By Terry Vanderheyden

VATICAN CITY, February 27, 2006 (LifeSiteNews.com) – In an address to a group discussing the human embryo, Pope Benedict XVI emphasized that “the love of God does not distinguish between the newly-conceived infant still in its mother’s womb, the baby, the youth, the grown adult or the elderly, because in each of them He sees the sign of His own image and likeness.”

The Pope made his comments today before a Pontifical Academy for Life international congress on “the human embryo prior to implantation, scientific aspects and bioethical considerations.” The congress, which is being held to mark the 12th general assembly of the Pontifical Academy for Life, runs today and tomorrow in the Vatican’s New Synod Hall.

“In order to attribute a ‘juridical status’ to the embryo, it is necessary to ‘understand’ its nature,” said Adriano Bompiani, gynecologist and director of the International Scientific Institute of Rome’s Sacred Heart Catholic University. He was explaining the reason for the congress, according to a Vatican Information Service report. “Such understanding,” Bompiani added, “must be based on ontological study. Today, it is not enough to examine the embryo under the microscope.”

Pope Benedict XVI went on to explain that scripture “expresses the love of God towards all human beings even before they take form in the mother’s womb.
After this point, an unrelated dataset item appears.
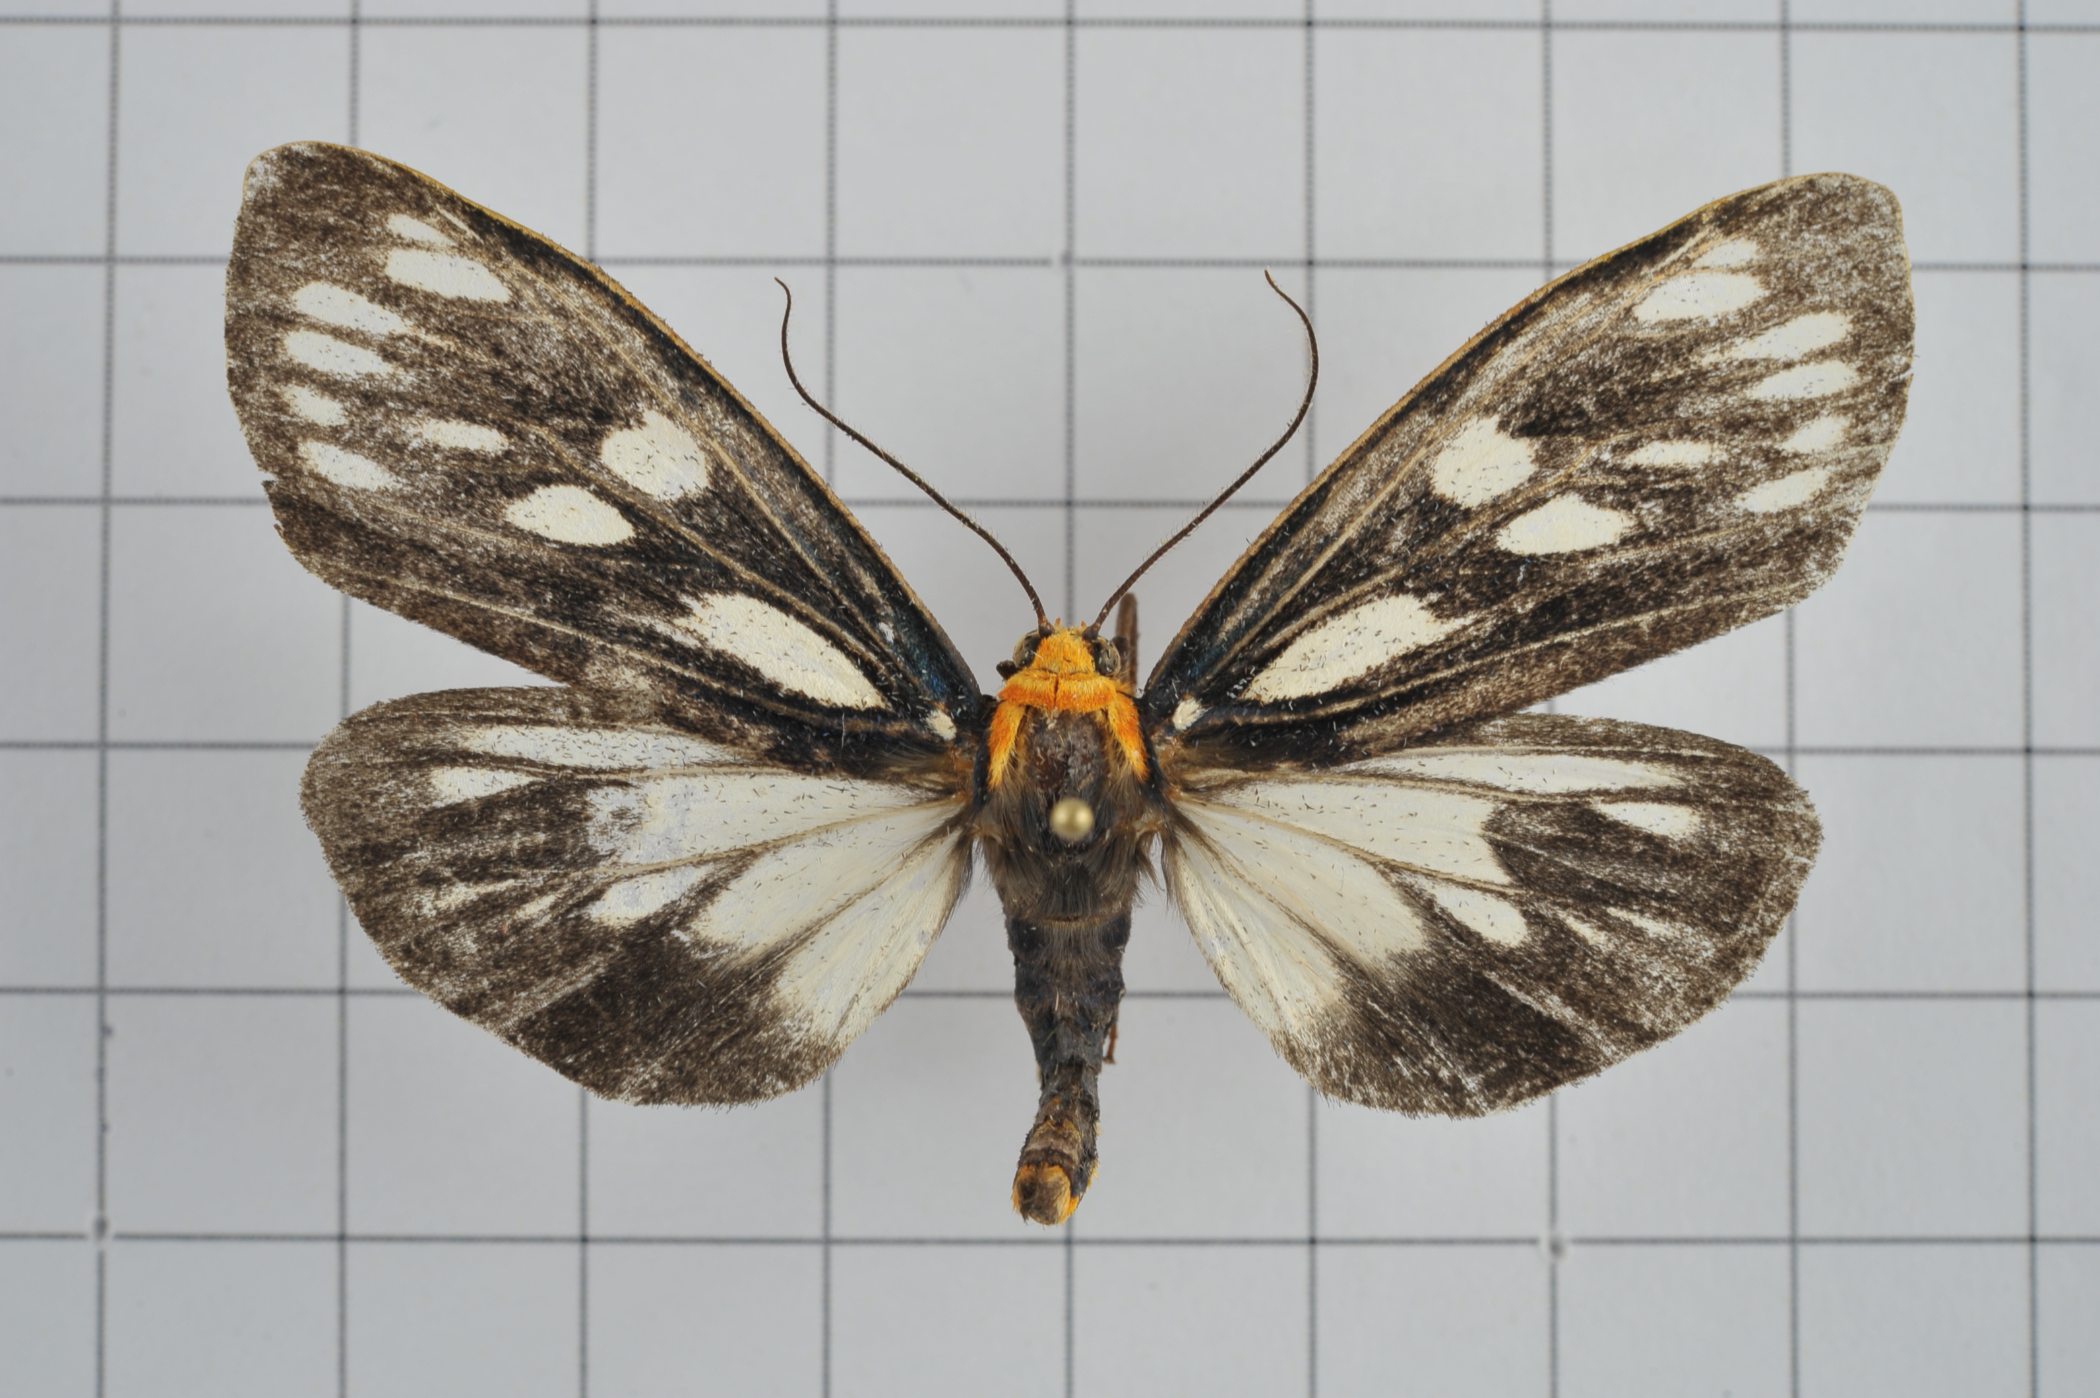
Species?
Macrobrochis gigas
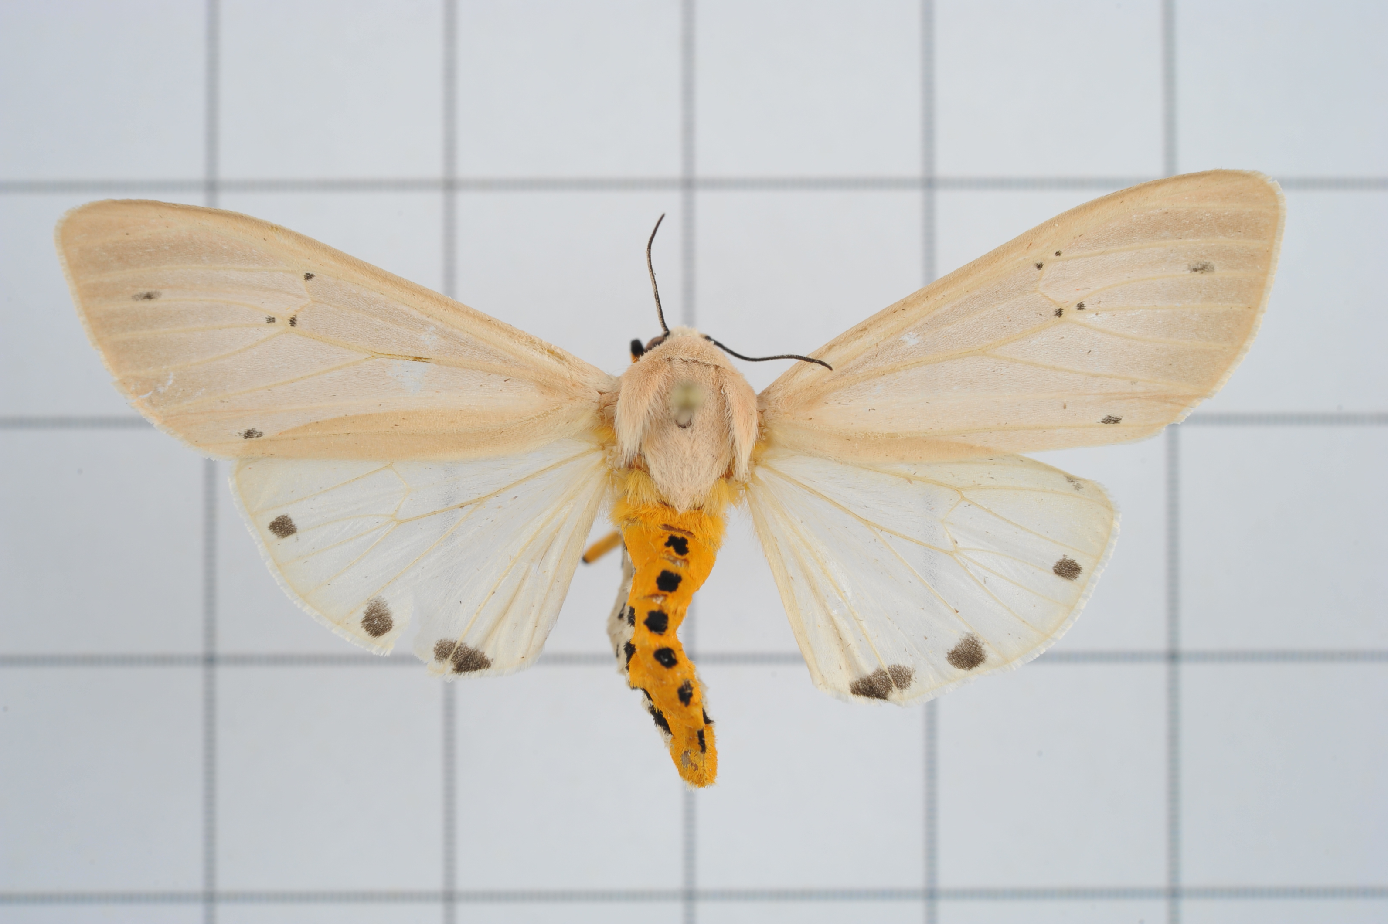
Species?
Creatonotos transiens koni

This limitless and almost incomprehensible love of God for man reveals to what point human beings are worthy of love in themselves, regardless of any other consideration, be it intelligence, beauty, health, youth, integrity and so on,” he added. “Human life is a good thing, always and definitively.”

“In man, in all men and women, whatever their stage or condition of life, there shines a reflection of God’s own reality,” the Holy Father emphasized. “For this reason, the Magisterium of the Church has constantly proclaimed the sacred and inviolable nature of each human life, from conception to natural end. This moral judgement also holds at the beginning of an embryo’s life, even before it is implanted in the mother’s womb.”

Moral theologian, doctor, and bioethics expert Bishop Willem Jacobus Eijk of Groningen, Netherlands, further expanded on the Pope’s explanation of the beginning of human life. He explained how in the late 1960s, “the idea arose that the status of the human being and the personality of an individual emerge at the moment of nidation (implantation), because this implicates the beginning of a close relationship with the mother. “Such a relationship already comes about in the fusion of the spermatozoon and the ovum as the fruit of a sexual relationship between the parents,” the bishop added. “Moreover, even before implantation, the embryo receives the necessary nutrients and oxygen for growth from the mother.”

“The embryo, even in the pre-nidation phase, is a being with its own life separate from that of the mother, a human being from a biological point of view, an individual, and a being with an intrinsic destiny to become a human person,” Bishop Eijk said.